• Exercise inputs:
_____

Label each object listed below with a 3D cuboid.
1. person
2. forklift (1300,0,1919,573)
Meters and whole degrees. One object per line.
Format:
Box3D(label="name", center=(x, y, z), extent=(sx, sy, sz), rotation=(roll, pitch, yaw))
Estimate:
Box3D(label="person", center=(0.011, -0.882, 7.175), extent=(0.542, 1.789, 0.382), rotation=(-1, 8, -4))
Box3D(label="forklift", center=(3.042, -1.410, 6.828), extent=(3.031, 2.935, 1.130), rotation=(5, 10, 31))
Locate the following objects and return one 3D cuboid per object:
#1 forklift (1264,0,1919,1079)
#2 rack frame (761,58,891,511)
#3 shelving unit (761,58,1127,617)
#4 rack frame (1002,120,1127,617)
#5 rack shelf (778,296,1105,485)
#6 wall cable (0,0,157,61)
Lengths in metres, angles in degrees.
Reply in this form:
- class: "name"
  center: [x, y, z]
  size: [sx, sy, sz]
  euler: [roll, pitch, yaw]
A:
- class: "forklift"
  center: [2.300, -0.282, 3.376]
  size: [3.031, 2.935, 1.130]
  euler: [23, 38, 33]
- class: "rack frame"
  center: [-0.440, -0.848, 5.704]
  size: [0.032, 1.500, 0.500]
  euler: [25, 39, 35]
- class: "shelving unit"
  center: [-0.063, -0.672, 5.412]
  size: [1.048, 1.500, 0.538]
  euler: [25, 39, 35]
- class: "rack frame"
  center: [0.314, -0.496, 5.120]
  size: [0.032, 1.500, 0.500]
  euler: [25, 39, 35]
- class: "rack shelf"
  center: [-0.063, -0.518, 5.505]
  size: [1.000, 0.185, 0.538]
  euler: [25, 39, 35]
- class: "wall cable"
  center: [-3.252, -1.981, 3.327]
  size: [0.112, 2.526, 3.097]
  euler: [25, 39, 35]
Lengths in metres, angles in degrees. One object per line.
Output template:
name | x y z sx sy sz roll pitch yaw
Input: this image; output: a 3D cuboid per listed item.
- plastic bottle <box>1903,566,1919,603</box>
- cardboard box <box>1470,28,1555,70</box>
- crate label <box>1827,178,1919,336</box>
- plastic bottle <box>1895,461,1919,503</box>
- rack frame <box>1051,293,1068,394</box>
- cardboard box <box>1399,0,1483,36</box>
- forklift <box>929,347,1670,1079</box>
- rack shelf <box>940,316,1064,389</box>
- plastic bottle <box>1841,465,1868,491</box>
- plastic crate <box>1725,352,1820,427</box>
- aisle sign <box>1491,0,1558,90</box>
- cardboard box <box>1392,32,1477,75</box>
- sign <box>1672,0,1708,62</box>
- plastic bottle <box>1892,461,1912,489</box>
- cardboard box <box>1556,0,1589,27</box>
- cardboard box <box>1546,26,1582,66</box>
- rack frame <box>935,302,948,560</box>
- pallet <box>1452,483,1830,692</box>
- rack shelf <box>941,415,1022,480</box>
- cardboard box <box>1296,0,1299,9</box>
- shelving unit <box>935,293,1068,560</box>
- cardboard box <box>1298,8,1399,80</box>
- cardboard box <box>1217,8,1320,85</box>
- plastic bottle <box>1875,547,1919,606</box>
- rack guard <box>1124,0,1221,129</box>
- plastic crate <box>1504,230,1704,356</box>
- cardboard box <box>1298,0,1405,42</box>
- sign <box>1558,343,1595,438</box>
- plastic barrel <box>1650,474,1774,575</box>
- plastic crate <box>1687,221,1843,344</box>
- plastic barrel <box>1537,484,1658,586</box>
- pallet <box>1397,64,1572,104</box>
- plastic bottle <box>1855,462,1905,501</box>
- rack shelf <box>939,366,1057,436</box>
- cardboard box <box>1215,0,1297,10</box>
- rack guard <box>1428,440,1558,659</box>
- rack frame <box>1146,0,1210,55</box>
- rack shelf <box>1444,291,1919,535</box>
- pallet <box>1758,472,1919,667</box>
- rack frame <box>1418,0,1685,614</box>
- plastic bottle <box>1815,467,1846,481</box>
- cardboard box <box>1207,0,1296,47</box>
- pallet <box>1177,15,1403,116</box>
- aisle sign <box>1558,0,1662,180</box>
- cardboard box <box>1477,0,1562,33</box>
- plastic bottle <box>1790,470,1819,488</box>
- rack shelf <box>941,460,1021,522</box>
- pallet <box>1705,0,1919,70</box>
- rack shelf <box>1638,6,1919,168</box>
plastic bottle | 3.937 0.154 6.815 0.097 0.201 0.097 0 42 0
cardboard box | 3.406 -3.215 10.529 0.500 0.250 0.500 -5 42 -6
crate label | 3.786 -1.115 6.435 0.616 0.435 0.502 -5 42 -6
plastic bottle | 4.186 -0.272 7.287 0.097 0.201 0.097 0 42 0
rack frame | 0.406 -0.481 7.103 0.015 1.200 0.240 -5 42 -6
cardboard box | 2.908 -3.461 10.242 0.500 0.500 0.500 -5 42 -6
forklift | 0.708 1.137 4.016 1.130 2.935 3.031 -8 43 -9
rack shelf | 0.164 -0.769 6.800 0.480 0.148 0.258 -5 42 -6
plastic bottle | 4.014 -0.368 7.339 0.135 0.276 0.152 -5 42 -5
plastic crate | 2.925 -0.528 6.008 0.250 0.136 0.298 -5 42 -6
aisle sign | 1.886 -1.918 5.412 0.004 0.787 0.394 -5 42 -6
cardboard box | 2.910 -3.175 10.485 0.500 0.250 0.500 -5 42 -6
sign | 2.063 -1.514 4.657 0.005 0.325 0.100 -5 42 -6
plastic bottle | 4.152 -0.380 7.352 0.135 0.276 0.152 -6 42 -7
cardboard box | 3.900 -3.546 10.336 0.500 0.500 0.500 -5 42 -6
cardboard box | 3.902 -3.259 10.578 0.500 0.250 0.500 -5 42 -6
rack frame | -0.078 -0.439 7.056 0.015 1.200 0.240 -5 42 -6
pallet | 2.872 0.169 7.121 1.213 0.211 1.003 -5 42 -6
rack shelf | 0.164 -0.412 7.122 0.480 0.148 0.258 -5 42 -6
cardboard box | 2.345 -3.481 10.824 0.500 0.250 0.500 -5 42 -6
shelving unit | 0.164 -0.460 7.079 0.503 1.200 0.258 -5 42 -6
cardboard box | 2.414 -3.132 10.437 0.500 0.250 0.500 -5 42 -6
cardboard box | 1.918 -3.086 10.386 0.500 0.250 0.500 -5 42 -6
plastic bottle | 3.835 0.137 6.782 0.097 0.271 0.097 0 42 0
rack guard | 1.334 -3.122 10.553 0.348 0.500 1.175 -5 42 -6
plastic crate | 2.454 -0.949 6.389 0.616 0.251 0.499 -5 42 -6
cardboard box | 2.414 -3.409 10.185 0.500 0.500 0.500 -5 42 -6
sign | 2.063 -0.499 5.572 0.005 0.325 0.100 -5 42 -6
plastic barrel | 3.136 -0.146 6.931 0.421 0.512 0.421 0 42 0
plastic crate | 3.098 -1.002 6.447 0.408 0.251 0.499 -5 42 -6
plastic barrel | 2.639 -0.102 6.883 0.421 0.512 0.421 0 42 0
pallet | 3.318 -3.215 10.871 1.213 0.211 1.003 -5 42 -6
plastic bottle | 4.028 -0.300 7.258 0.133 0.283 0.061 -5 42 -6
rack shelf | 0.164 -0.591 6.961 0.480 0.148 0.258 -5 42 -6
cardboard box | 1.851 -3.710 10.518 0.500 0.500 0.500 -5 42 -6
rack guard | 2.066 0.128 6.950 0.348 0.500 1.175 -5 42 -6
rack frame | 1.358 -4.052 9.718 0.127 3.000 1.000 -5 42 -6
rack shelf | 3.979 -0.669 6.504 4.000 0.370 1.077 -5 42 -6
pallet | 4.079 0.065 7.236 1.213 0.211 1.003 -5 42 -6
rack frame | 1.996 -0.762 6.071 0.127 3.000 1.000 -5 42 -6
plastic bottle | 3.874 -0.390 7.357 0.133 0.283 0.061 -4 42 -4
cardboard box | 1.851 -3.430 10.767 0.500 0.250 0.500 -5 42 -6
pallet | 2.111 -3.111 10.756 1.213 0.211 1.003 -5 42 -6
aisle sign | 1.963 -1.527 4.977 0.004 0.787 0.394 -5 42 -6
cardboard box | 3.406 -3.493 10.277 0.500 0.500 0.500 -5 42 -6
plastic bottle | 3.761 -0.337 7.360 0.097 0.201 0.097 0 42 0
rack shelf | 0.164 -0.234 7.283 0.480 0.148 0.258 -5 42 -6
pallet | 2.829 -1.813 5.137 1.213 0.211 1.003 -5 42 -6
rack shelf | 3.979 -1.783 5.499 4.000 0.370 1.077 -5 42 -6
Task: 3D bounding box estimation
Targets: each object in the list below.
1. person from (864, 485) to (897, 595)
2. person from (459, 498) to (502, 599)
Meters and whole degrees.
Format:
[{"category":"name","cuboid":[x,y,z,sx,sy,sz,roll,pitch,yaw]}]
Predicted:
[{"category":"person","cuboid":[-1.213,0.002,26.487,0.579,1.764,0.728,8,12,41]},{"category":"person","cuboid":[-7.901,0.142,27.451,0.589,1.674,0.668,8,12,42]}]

_____

• Problem details: Of the entries above, transcribe exactly those lines that fall between the line containing "#5 rack shelf (778,296,1105,485)" and the line containing "euler: [roll, pitch, yaw]", together with those two lines.

• Response area:
#5 rack shelf (778,296,1105,485)
#6 wall cable (0,0,157,61)
Lengths in metres, angles in degrees.
Reply in this form:
- class: "name"
  center: [x, y, z]
  size: [sx, sy, sz]
  euler: [roll, pitch, yaw]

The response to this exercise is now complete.